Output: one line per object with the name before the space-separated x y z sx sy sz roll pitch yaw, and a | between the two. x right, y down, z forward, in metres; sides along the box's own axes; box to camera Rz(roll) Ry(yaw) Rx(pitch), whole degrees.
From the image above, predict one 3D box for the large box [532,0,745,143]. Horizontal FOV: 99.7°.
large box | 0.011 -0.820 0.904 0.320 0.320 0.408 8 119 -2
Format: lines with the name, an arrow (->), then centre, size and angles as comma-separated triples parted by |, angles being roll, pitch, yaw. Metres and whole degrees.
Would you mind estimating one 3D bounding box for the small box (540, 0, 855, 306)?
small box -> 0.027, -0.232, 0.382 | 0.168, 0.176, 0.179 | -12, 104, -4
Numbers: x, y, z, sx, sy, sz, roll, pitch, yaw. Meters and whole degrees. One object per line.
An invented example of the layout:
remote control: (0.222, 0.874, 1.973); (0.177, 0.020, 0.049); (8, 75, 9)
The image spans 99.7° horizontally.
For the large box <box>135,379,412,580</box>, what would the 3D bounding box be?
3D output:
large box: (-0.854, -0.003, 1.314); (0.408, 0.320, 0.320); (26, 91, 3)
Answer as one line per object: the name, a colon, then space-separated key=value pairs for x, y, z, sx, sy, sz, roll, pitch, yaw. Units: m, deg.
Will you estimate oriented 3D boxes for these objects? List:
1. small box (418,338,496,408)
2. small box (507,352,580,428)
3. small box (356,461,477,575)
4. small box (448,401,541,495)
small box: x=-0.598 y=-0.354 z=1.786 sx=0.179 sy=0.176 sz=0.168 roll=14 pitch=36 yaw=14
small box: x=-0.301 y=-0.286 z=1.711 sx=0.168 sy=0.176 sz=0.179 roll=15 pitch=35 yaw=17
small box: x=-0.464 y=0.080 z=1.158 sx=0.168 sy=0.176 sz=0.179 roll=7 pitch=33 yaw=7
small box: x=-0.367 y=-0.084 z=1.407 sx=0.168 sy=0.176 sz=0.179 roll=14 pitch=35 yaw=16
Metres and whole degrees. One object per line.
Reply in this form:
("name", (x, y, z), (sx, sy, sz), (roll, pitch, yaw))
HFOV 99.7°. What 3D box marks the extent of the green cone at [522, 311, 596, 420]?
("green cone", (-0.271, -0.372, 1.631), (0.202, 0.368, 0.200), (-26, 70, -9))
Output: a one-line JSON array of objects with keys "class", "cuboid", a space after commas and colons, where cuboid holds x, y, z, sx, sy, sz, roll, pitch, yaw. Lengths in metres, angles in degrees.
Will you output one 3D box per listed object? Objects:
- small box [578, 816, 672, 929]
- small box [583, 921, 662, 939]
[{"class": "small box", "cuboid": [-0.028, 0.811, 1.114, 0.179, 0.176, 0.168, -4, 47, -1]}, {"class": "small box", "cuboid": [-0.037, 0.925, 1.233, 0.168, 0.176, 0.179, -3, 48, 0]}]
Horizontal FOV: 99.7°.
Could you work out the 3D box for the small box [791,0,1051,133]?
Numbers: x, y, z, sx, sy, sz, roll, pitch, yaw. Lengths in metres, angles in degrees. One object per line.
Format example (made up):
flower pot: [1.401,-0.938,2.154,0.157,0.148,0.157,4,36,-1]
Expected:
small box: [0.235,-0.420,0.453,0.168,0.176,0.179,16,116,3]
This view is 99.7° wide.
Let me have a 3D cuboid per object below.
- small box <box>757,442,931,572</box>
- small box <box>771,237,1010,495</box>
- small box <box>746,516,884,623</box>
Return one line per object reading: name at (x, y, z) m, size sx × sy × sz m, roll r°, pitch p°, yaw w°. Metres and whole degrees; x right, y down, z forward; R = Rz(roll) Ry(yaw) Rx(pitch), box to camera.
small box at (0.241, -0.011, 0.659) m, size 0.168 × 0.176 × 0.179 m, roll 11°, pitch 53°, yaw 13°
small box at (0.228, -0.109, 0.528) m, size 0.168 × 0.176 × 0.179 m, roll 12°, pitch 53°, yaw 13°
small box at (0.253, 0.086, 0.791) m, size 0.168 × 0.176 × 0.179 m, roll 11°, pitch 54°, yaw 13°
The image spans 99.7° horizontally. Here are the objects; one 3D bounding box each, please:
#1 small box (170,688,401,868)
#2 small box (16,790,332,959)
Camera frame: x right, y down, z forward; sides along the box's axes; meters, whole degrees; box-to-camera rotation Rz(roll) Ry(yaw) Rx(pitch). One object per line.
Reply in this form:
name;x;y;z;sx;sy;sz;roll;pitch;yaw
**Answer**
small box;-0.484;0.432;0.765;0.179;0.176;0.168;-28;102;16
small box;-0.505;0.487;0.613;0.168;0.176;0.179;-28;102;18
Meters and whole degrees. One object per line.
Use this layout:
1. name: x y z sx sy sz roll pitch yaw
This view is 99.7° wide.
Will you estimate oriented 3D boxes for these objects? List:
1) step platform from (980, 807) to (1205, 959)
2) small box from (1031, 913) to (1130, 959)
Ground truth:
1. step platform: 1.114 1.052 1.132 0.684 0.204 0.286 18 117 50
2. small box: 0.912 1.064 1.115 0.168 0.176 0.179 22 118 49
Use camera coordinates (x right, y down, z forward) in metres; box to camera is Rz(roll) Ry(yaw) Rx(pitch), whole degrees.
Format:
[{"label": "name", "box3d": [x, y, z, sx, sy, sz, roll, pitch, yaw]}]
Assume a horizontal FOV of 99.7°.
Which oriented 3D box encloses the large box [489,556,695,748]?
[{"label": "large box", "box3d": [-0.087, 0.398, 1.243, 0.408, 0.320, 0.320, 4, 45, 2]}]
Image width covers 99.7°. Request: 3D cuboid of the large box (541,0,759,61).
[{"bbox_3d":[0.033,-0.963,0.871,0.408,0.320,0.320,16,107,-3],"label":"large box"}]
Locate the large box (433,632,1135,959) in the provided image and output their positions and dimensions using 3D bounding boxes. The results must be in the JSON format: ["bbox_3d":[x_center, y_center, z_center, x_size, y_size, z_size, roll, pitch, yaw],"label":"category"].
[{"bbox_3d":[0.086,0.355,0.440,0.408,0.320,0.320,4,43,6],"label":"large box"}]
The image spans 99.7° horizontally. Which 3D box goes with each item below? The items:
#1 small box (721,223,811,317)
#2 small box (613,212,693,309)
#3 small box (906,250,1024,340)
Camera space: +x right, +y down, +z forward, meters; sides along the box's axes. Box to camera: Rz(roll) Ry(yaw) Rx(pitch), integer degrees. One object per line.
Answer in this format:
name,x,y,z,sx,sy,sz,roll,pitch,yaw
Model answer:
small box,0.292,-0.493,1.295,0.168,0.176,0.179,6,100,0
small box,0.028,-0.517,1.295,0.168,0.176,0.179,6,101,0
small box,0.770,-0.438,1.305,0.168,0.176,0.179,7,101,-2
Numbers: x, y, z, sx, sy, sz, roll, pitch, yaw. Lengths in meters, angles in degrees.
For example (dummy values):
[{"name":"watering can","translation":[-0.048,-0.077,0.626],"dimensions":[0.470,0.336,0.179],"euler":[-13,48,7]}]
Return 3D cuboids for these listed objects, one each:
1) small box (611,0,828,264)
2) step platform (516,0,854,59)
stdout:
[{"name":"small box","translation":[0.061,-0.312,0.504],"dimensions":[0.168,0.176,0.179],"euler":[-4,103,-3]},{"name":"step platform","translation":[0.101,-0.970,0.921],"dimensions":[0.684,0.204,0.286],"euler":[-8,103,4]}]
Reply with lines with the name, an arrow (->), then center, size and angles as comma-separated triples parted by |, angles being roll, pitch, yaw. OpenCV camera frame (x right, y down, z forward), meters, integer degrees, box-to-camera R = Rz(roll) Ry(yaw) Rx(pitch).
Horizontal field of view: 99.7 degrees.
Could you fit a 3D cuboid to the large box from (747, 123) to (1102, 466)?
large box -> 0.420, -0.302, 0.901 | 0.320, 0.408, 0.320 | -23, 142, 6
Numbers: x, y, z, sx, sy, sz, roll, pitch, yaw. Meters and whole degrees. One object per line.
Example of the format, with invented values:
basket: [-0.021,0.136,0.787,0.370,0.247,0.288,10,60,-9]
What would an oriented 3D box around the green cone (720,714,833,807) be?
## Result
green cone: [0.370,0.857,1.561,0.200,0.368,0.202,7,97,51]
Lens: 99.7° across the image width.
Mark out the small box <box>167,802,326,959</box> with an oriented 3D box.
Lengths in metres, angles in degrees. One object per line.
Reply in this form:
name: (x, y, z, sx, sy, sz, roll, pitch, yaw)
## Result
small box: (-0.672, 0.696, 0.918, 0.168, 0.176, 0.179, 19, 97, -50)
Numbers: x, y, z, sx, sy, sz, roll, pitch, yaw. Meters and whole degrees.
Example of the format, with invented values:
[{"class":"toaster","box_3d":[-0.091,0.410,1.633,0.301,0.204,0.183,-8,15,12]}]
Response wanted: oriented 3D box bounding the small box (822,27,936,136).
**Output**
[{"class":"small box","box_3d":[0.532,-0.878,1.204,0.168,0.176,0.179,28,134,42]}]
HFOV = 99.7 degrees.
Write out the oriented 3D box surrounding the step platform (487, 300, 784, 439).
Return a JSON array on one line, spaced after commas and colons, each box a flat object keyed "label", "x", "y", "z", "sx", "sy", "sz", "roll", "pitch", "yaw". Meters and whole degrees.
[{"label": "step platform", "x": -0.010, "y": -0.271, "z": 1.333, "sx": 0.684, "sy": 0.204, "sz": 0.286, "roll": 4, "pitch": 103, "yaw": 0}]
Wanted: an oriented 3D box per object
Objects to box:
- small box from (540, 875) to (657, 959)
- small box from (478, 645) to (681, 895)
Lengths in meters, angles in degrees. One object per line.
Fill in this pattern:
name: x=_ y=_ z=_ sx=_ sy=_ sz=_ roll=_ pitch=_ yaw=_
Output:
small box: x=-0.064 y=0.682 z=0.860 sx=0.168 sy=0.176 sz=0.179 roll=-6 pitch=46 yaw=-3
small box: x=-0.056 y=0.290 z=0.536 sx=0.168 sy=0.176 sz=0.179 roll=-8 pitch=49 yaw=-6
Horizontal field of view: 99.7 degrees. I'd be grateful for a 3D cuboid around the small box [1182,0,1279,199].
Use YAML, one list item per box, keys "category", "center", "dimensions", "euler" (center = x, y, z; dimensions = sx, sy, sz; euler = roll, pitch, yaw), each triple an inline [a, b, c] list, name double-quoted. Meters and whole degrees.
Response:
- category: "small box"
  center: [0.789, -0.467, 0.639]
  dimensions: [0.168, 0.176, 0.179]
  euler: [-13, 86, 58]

=-=-=

Task objective:
Starting with the first line above and ending with the line that holds "3. small box (356,461,477,575)", restate each line word for word and add nothing else.

Written answer:
Output: one line per object with the name before the space-separated x y z sx sy sz roll pitch yaw, and a | between the two. x right, y down, z forward, in metres; sides along the box's own axes; box to camera Rz(roll) Ry(yaw) Rx(pitch), whole degrees.
From the image above, predict one 3D box for the large box [532,0,745,143]. Horizontal FOV: 99.7°.
large box | 0.011 -0.820 0.904 0.320 0.320 0.408 8 119 -2
Format: lines with the name, an arrow (->), then centre, size and angles as comma-separated triples parted by |, angles being roll, pitch, yaw. Metres and whole degrees.
Would you mind estimating one 3D bounding box for the small box (540, 0, 855, 306)?
small box -> 0.027, -0.232, 0.382 | 0.168, 0.176, 0.179 | -12, 104, -4
Numbers: x, y, z, sx, sy, sz, roll, pitch, yaw. Meters and whole degrees. One object per line.
An invented example of the layout:
remote control: (0.222, 0.874, 1.973); (0.177, 0.020, 0.049); (8, 75, 9)
The image spans 99.7° horizontally.
For the large box <box>135,379,412,580</box>, what would the 3D bounding box be?
3D output:
large box: (-0.854, -0.003, 1.314); (0.408, 0.320, 0.320); (26, 91, 3)
Answer as one line per object: the name, a colon, then space-separated key=value pairs for x, y, z, sx, sy, sz, roll, pitch, yaw. Units: m, deg.
Will you estimate oriented 3D boxes for these objects? List:
1. small box (418,338,496,408)
2. small box (507,352,580,428)
3. small box (356,461,477,575)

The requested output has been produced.